American divorce lawyers have said that they’ve seen an 80 percent increase in inappropriate Facebook interactions leading to or contributing to divorce. An Australian couple was served court orders on Facebook after lawyers made 11 attempts to serve them in traditional ways. Increasingly real-life events are being played out or impacted by social media.

We tend to see social media as a far away extension of our lives, generally harmless, just another facet of communication. However, I would suggest that it is the new, new world.

We have explorers and pioneers, we have bandits and criminals; as well as those in the old new world who don’t venture very far from what they know.
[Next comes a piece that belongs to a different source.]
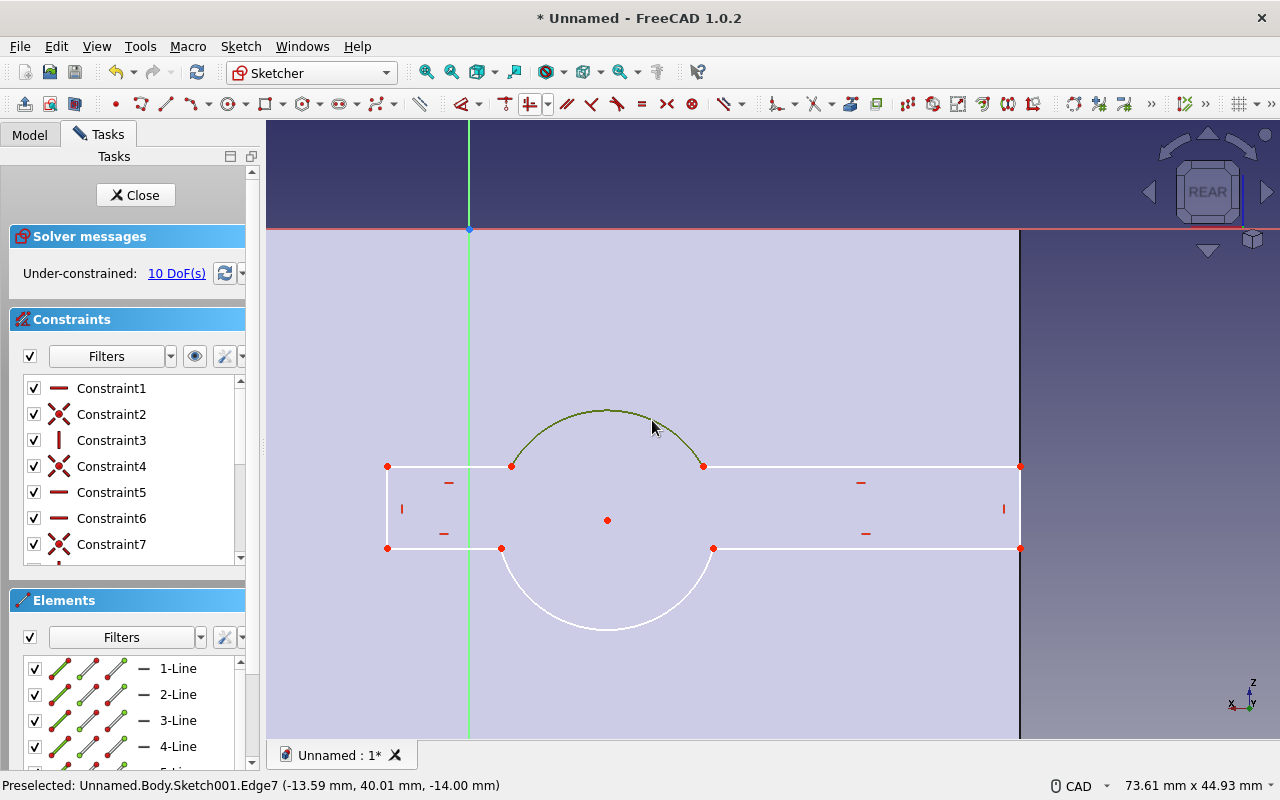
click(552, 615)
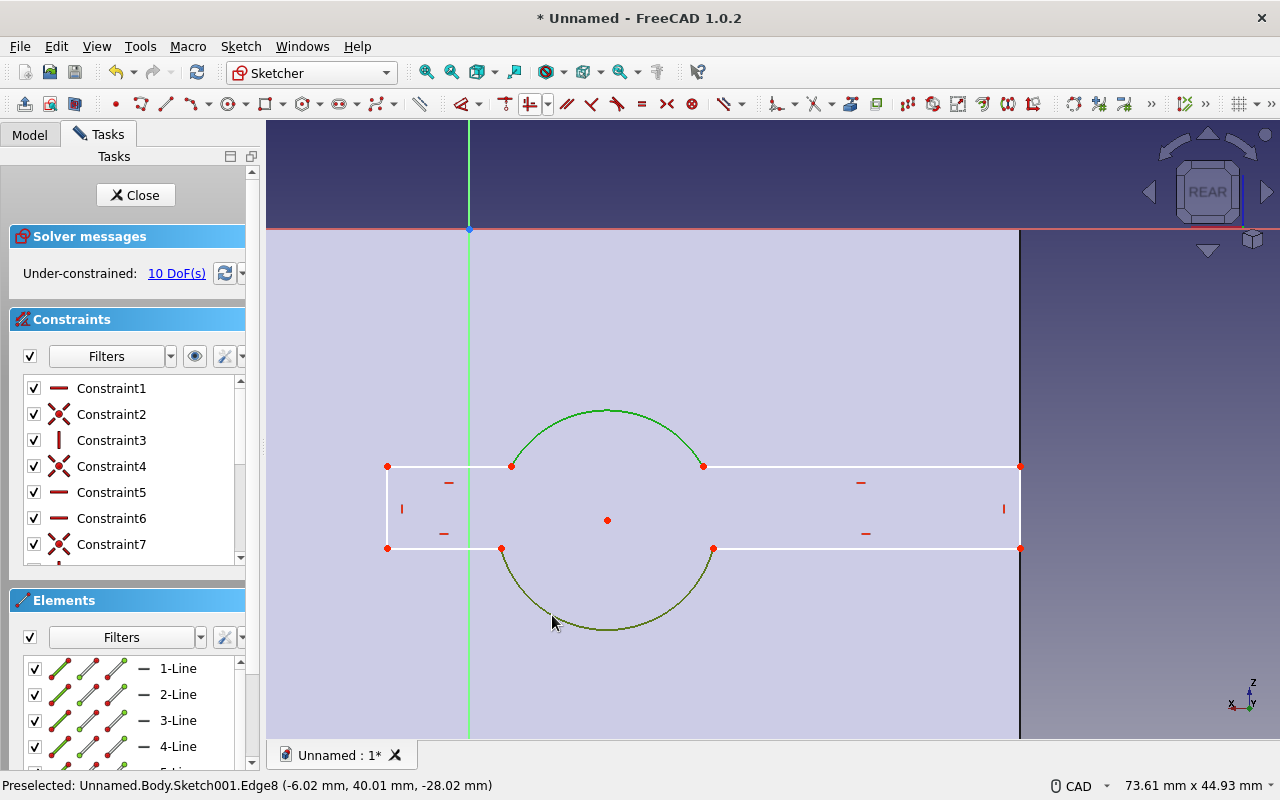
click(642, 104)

It is a global exploration of a new virtual reality, a parallel world in which we are still working out our right and responsibilities.

Around the globe we seek the right to free speech on the Internet. This is most recently exemplified by the protests in the Middle East and Northern Africa, where protesters seeking democracy have fought for Internet freedom as much as they have fought for fair wages and job opportunities.

Conversely we detest when these freedoms are abused, and the Internet is used to proliferate attitudes and behaviors generally deemed to be evil, as with racist rhetoric inciting violence or child pornography.

We have an idea of the middle ground, of what is right and what is wrong, but we still don’t quite know the boundaries. Like looking over the horizon and imagining that the world is flat, we don’t know the full extent of the internet or what the future will bring.

We judge past societies by their rates of literacy, but it may come to be that future generations will judge our society by rates of computer and Internet literacy: where those with limited understanding or literacy indicate broader disadvantage, while high literacy rates are indicators of higher wealth, development and education.

So while we forge through this physical world, many people suffering persecution in the fight for virtual freedom, we must remember that whatever we publish on the Internet is an eternal mark by which our society will be judged, and by which you will be individually judged.

Be warned, our internet freedoms are exactly those that may lead to our demise.